The new map could allow Republicans to gain one or two seats in its six districts in the U.S. House of Representatives.
The SCOTUS clerk normally waits 32 days after a decision to allow for the losing party to ask the justices to reconsider their decision before sending a copy of the judgment to lower courts. SCOTUS said the Black voters at the center of the dispute “have not expressed any intent to ask this Court to reconsider its judgment.”
Justice Kentanji Brown Jackson was the lone dissenter, warning the court had caused chaos in Louisiana.

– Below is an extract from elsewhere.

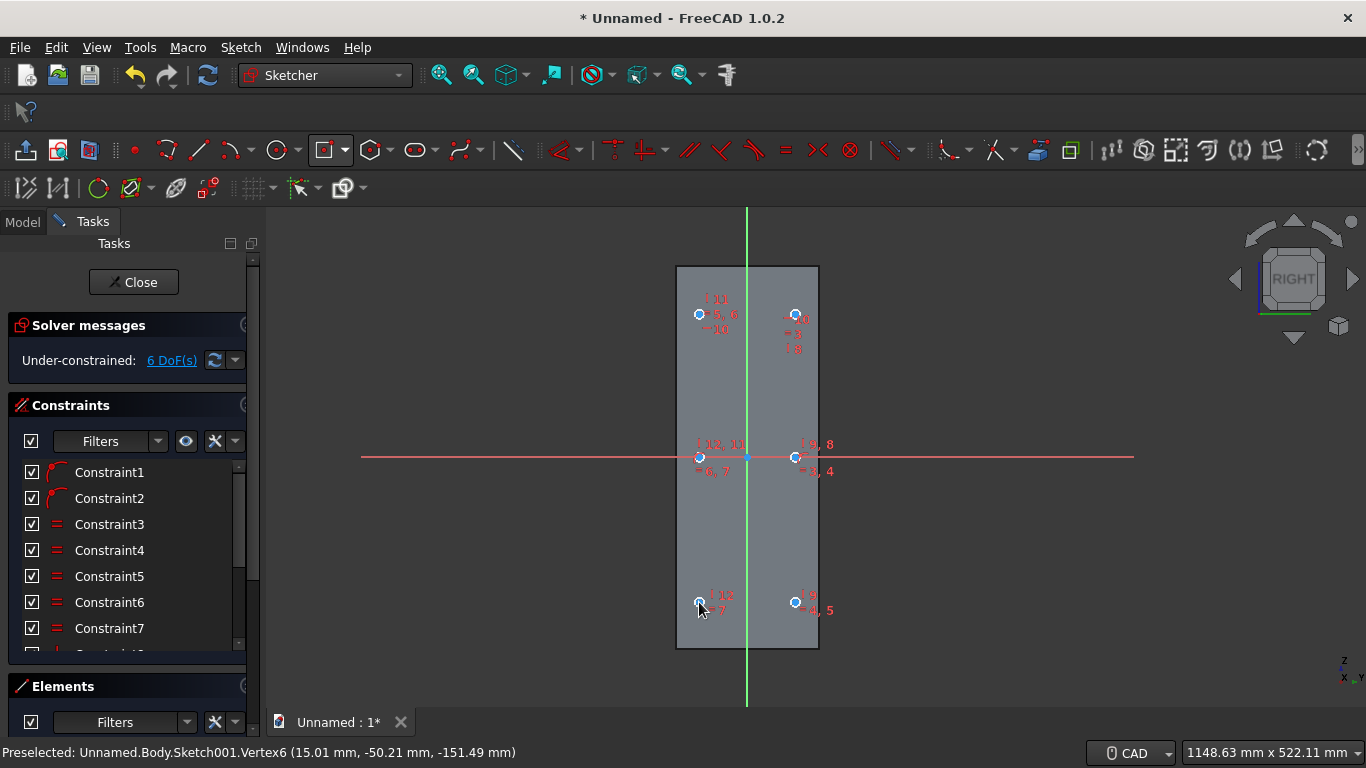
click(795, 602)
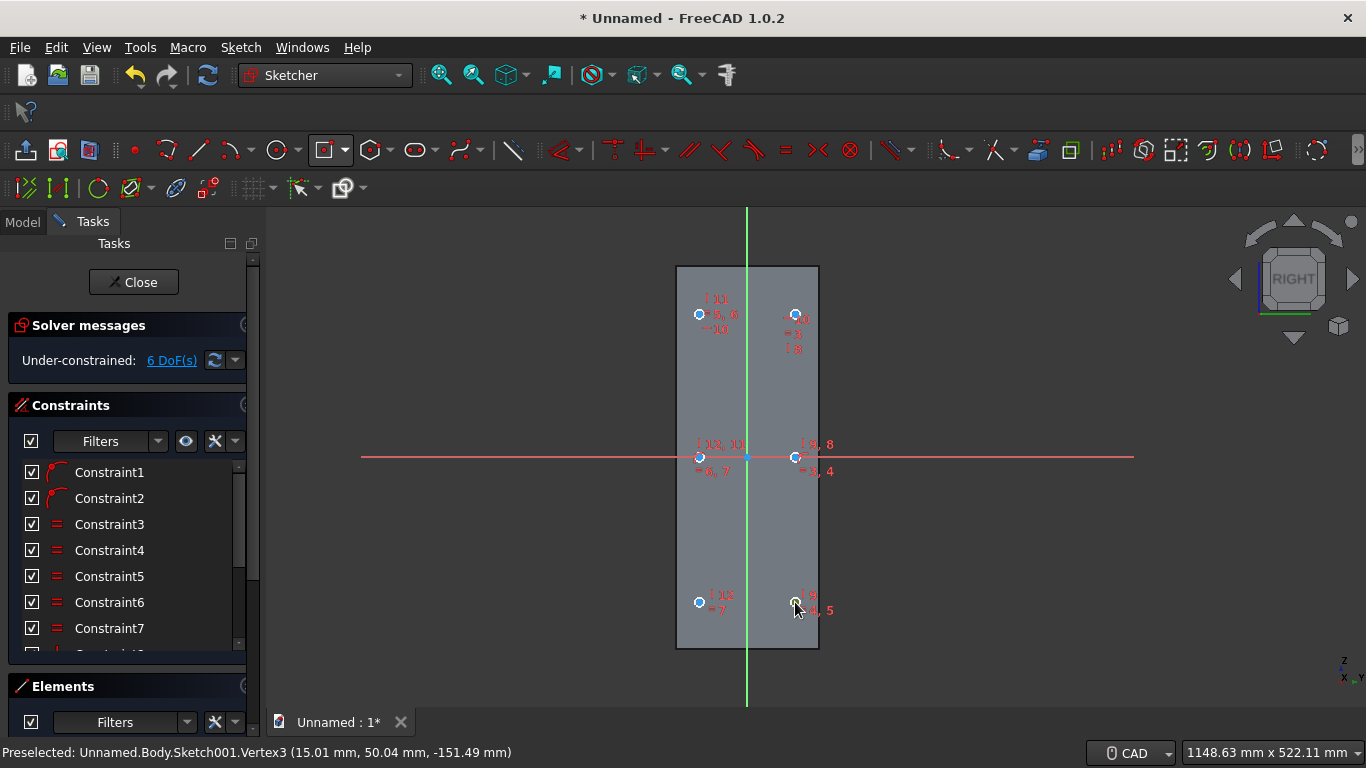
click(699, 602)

In her four-page dissent, Jackson suggested that the court itself was taking sides in the battle over redistricting. She wrote that developments in the wake of last week’s ruling in Callais “have a strong political undercurrent.” Louisiana’s effort to redistrict, she said, “unfolds in the midst of an ongoing statewide election, against the backdrop of a pitched redistricting battle among state governments that appear to be acting as proxies for their favored political parties.”
Jackson noted that only twice in the last 25 years has the court fast tracked the issuance of a decision to the lower courts, and suggested staying in their default position would avoid the “appearance of partiality.”
In a five-paragraph concurring opinion, Sam Alito called Jackson’s suggestion “baseless and insulting.”